* [PROVIDED INFORMATION]
_ _ _ _ _ _ _
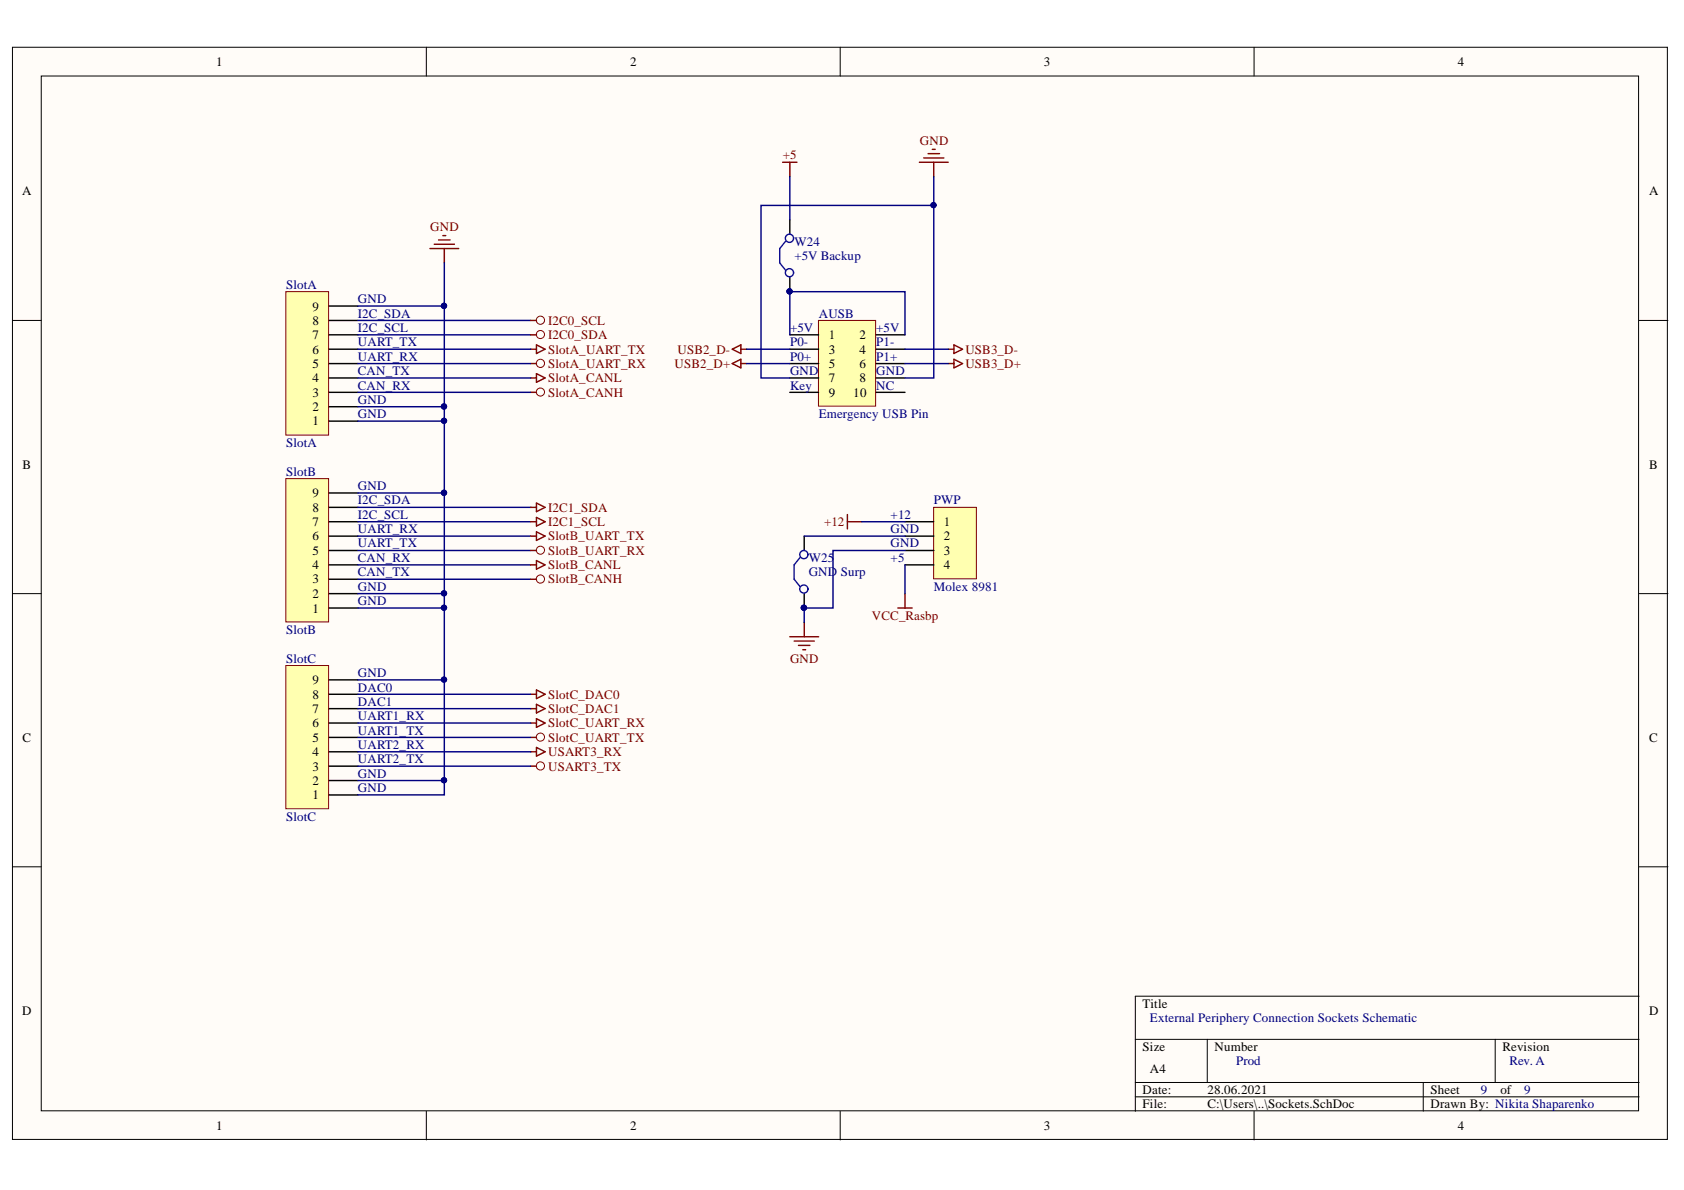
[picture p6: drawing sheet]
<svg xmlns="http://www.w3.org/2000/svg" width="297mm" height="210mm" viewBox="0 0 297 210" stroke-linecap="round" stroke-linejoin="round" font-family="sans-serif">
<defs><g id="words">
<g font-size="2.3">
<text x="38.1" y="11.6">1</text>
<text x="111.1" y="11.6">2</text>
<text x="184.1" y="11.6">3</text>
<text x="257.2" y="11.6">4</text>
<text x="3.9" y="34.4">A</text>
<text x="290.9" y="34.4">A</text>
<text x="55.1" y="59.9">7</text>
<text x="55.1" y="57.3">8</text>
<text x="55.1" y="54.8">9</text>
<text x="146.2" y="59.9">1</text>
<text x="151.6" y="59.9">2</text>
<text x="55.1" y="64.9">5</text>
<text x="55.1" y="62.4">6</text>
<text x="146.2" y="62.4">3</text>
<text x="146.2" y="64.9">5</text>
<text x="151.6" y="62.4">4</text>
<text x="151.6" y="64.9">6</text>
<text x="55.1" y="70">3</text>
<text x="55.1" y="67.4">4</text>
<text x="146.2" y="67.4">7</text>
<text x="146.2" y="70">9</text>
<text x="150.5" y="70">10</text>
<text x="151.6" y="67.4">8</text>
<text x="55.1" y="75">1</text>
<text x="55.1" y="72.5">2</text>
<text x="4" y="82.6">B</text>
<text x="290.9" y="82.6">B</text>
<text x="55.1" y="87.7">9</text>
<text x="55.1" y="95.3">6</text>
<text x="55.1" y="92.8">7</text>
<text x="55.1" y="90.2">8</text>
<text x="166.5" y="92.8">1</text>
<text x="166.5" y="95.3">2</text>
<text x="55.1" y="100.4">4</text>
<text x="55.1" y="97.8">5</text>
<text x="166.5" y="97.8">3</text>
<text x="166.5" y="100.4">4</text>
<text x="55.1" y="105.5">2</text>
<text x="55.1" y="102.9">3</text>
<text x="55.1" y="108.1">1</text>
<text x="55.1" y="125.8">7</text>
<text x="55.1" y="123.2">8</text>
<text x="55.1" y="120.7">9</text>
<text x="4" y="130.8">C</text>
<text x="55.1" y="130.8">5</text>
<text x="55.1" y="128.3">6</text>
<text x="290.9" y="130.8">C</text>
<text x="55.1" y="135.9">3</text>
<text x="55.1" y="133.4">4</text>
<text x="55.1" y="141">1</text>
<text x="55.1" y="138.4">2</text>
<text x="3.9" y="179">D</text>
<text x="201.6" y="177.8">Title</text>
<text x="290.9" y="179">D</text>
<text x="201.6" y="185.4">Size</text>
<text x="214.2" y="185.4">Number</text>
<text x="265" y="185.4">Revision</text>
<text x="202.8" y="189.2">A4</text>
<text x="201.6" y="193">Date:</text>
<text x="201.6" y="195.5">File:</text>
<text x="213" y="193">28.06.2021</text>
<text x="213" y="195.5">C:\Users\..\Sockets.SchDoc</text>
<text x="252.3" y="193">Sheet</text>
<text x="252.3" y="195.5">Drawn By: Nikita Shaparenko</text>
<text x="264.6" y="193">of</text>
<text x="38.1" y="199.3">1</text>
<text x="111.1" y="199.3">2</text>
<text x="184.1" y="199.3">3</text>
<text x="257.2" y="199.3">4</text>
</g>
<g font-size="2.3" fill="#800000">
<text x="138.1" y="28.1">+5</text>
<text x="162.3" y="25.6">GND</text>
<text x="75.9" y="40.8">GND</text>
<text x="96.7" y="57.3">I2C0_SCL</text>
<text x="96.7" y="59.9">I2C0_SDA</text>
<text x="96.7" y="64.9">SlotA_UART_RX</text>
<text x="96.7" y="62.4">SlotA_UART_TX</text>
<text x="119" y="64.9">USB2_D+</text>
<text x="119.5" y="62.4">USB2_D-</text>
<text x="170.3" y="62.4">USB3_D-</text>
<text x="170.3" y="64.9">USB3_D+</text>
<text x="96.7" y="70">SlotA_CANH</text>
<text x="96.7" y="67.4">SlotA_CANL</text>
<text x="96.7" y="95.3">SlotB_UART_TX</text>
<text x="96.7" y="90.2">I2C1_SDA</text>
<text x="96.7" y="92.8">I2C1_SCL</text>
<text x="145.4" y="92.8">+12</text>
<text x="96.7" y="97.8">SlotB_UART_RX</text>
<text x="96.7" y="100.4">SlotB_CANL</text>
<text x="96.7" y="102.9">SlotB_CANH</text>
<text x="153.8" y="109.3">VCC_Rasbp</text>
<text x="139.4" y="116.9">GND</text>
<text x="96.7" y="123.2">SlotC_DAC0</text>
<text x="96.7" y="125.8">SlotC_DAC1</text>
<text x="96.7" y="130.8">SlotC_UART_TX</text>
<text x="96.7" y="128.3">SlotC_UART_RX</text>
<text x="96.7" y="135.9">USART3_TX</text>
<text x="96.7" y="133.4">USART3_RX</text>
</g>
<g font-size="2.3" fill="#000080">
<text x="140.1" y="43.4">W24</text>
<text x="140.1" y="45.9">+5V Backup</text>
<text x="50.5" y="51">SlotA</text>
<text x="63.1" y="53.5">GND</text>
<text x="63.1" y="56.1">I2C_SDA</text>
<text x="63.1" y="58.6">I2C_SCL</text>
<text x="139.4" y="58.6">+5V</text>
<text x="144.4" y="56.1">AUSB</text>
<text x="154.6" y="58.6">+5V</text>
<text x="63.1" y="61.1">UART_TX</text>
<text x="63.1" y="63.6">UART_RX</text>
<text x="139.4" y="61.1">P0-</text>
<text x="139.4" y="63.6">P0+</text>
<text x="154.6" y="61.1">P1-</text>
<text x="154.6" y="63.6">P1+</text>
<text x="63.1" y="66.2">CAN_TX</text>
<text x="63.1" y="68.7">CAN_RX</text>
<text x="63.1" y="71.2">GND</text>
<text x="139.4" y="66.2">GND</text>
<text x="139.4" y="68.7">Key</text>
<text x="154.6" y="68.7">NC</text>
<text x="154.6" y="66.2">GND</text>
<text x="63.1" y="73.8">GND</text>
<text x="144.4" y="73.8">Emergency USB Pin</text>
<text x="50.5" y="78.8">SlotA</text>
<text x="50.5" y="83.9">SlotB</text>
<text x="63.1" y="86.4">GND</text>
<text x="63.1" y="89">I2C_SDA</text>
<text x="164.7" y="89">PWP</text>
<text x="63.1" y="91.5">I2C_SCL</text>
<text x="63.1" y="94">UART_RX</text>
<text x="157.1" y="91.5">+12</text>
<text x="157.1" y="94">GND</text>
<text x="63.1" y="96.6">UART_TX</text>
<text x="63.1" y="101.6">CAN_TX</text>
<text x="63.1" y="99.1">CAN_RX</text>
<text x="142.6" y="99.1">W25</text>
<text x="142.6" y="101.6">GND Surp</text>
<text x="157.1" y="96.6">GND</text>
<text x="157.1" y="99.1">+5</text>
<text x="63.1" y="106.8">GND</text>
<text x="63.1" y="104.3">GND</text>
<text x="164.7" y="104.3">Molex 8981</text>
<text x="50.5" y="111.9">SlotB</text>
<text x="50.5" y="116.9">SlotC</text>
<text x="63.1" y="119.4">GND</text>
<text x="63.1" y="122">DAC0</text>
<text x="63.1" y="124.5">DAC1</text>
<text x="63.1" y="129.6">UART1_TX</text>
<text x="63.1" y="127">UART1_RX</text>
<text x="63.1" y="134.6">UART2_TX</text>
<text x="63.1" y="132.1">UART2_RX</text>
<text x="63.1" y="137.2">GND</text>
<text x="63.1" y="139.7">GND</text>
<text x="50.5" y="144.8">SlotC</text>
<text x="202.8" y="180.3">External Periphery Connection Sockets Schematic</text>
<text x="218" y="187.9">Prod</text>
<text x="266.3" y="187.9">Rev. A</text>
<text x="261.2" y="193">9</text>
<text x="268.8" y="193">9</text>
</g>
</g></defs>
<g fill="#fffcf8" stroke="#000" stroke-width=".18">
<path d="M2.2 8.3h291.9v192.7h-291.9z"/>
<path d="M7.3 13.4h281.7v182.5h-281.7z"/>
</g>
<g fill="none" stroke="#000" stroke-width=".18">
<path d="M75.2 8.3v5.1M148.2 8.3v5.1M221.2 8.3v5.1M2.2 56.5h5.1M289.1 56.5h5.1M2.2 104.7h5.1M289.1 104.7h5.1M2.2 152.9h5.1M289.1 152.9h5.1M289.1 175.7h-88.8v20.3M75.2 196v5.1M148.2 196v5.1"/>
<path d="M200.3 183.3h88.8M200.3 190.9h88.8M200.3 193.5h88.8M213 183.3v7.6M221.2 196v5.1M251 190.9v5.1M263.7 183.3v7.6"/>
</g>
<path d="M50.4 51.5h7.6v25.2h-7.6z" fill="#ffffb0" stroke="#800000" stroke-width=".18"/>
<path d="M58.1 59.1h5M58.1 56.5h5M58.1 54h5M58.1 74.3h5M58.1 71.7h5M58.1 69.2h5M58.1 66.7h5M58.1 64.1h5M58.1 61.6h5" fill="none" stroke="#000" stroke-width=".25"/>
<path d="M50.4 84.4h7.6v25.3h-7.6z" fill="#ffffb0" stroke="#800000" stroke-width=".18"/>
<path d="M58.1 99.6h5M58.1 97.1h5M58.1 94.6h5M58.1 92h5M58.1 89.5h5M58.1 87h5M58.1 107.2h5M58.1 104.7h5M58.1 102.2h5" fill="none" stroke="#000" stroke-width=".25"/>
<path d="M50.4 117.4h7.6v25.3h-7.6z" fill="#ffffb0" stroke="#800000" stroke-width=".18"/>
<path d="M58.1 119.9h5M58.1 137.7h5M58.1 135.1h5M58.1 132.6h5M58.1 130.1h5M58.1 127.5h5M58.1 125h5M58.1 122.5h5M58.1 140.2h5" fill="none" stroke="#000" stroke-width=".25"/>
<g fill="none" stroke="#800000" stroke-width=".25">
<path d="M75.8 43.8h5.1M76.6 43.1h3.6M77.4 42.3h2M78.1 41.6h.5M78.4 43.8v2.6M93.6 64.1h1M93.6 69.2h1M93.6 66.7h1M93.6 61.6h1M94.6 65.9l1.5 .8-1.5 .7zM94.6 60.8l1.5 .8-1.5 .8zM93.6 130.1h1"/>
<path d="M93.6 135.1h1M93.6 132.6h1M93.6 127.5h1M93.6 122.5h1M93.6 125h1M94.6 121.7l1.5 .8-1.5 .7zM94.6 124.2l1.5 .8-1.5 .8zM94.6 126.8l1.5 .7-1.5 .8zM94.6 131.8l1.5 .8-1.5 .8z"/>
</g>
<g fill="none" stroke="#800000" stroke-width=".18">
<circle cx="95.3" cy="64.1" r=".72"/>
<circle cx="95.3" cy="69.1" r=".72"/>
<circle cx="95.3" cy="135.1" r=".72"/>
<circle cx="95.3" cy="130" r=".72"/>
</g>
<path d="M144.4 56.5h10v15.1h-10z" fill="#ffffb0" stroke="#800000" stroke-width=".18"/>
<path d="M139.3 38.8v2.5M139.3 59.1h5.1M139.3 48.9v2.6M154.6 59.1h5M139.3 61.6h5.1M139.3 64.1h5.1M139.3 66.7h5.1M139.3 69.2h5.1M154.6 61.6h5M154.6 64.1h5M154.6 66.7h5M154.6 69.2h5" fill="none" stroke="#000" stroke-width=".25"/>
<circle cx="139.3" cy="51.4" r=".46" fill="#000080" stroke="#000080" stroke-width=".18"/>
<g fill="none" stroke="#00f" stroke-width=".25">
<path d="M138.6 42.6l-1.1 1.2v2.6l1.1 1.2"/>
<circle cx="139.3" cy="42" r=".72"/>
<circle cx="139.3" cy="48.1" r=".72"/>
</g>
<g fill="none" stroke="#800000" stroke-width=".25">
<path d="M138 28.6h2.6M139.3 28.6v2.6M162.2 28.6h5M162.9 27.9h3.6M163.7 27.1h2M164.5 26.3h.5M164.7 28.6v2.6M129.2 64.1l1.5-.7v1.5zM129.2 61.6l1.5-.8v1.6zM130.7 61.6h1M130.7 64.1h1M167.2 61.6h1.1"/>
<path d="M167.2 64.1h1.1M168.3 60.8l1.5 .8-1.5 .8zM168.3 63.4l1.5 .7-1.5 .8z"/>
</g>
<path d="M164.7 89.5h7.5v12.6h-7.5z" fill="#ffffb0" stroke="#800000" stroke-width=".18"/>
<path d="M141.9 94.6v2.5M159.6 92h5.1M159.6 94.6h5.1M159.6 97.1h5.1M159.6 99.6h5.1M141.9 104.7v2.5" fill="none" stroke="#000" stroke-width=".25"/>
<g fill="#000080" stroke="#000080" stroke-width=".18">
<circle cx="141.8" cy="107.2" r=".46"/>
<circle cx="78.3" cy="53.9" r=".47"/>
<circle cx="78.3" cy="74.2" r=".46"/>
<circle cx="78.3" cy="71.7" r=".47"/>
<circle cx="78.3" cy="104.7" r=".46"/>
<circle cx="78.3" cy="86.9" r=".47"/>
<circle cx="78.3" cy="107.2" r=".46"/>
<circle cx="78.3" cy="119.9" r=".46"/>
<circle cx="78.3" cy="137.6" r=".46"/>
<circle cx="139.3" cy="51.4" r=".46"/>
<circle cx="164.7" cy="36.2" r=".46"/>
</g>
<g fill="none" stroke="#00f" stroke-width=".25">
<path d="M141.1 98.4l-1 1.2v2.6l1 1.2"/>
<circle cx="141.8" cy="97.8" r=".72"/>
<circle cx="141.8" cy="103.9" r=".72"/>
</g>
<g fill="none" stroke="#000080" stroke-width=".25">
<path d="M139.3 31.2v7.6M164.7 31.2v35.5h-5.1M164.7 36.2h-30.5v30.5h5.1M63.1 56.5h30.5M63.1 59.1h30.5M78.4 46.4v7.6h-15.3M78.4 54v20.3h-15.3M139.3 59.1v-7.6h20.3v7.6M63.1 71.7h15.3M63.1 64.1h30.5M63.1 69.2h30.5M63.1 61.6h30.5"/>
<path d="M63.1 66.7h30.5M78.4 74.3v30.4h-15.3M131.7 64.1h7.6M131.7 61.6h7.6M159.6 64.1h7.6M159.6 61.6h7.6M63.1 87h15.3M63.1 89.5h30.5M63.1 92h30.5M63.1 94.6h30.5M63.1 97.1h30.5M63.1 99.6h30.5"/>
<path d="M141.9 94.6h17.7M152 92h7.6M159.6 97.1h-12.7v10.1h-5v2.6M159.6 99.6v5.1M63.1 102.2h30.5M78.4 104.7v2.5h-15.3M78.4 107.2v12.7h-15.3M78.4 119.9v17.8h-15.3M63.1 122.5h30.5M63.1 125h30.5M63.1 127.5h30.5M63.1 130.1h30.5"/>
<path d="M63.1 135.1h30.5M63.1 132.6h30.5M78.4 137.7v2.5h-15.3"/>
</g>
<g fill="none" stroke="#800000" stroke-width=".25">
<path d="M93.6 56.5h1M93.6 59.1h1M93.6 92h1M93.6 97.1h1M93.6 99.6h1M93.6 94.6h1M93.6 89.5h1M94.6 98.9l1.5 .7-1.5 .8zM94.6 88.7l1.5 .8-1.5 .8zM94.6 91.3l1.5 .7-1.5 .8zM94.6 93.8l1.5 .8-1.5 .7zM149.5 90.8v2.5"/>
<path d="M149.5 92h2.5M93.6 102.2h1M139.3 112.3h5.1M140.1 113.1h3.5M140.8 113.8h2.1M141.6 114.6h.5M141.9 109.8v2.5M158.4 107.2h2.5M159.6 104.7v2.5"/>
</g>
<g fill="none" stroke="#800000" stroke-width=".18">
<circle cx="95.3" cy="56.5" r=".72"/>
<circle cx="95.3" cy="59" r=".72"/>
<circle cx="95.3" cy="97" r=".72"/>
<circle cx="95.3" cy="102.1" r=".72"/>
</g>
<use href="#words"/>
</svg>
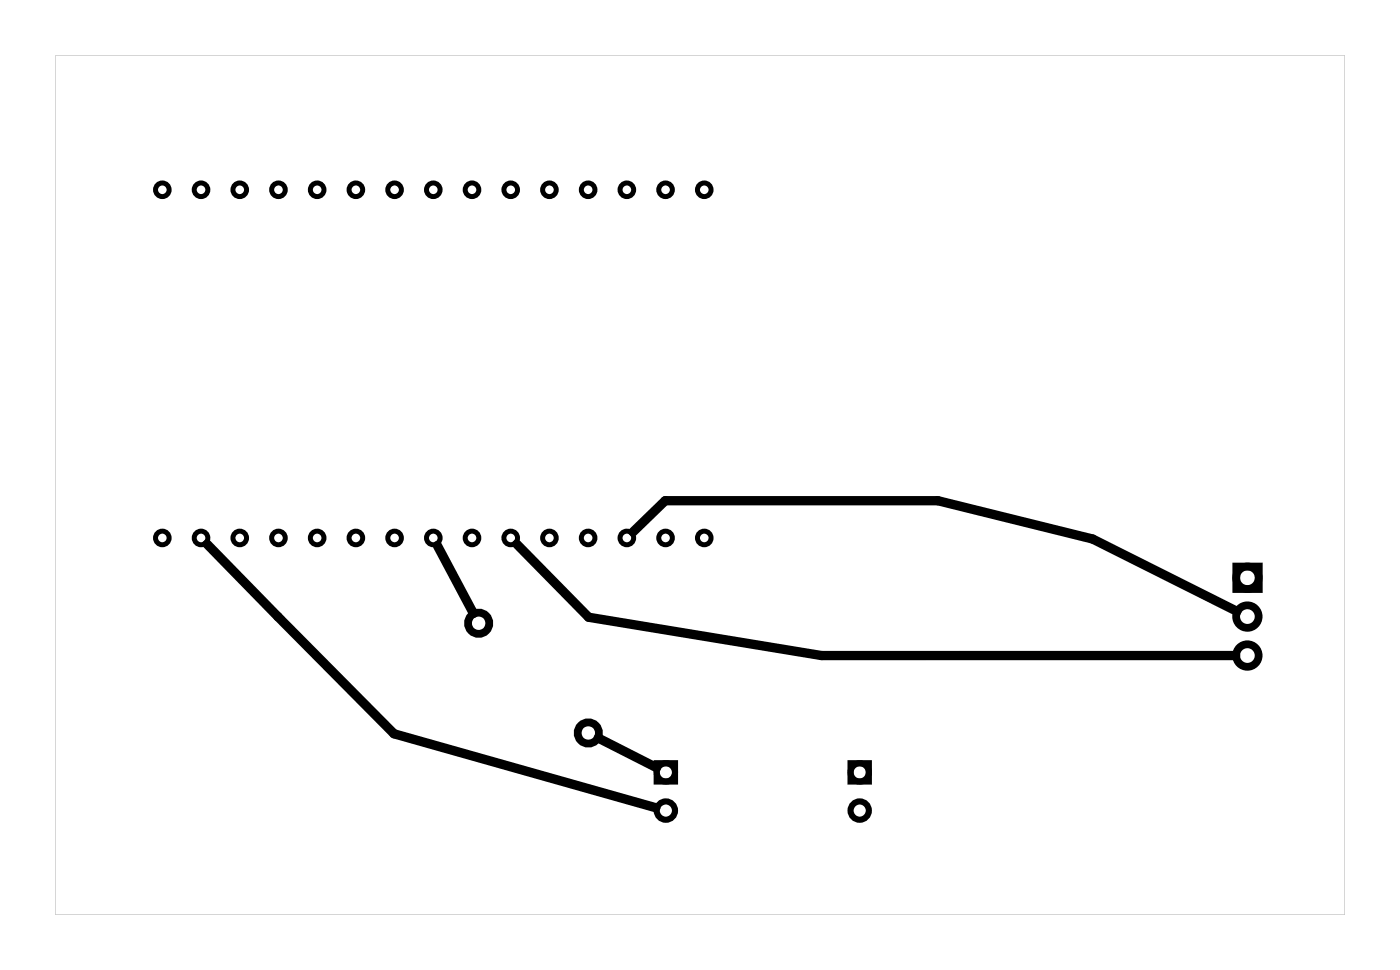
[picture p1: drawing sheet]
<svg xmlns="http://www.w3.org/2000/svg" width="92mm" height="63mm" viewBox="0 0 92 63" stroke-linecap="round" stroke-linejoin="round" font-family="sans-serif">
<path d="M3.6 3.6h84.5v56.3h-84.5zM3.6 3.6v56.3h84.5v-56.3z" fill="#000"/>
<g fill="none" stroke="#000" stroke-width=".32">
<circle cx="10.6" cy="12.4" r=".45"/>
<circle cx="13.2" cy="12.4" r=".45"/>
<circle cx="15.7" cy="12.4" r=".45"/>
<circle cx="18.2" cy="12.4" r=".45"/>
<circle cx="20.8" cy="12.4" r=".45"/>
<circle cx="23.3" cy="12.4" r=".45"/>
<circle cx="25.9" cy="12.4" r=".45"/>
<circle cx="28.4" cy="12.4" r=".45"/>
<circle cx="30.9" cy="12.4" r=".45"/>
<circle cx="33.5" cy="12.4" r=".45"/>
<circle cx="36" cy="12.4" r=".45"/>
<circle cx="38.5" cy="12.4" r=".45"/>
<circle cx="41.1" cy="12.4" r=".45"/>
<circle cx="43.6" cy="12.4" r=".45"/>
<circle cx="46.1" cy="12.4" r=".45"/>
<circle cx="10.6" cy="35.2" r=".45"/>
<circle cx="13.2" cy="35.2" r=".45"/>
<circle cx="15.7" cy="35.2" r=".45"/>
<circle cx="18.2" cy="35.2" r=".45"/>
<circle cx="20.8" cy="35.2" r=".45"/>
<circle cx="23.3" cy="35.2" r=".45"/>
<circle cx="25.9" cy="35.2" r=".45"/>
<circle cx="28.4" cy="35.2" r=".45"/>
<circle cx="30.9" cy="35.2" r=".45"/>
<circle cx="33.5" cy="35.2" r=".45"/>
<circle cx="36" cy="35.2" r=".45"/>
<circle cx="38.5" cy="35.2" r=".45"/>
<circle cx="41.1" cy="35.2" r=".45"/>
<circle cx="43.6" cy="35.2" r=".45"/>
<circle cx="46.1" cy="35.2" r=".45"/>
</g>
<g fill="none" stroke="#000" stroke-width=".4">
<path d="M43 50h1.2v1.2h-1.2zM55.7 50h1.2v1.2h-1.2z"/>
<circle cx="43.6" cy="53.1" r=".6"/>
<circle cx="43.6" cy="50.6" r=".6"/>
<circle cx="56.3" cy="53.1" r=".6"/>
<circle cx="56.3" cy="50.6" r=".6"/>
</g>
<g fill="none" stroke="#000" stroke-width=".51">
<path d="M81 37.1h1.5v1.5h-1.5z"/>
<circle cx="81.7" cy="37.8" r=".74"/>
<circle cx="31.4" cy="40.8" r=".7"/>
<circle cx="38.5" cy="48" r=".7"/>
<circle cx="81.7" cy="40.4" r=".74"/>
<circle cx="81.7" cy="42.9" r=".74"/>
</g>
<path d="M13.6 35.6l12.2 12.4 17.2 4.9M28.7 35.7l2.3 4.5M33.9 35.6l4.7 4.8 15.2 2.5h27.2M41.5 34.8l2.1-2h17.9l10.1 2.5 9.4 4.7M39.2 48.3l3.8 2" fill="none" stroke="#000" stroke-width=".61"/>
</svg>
_ _ _ _ _ _ _
* [ACTIVITY]
Return the lines containing "linejoin", taking each one from the listing.

* [OUTPUT BELOW]
<svg xmlns="http://www.w3.org/2000/svg" width="297mm" height="210mm" viewBox="0 0 297 210" stroke-linecap="round" stroke-linejoin="round" font-family="sans-serif">
<svg xmlns="http://www.w3.org/2000/svg" width="92mm" height="63mm" viewBox="0 0 92 63" stroke-linecap="round" stroke-linejoin="round" font-family="sans-serif">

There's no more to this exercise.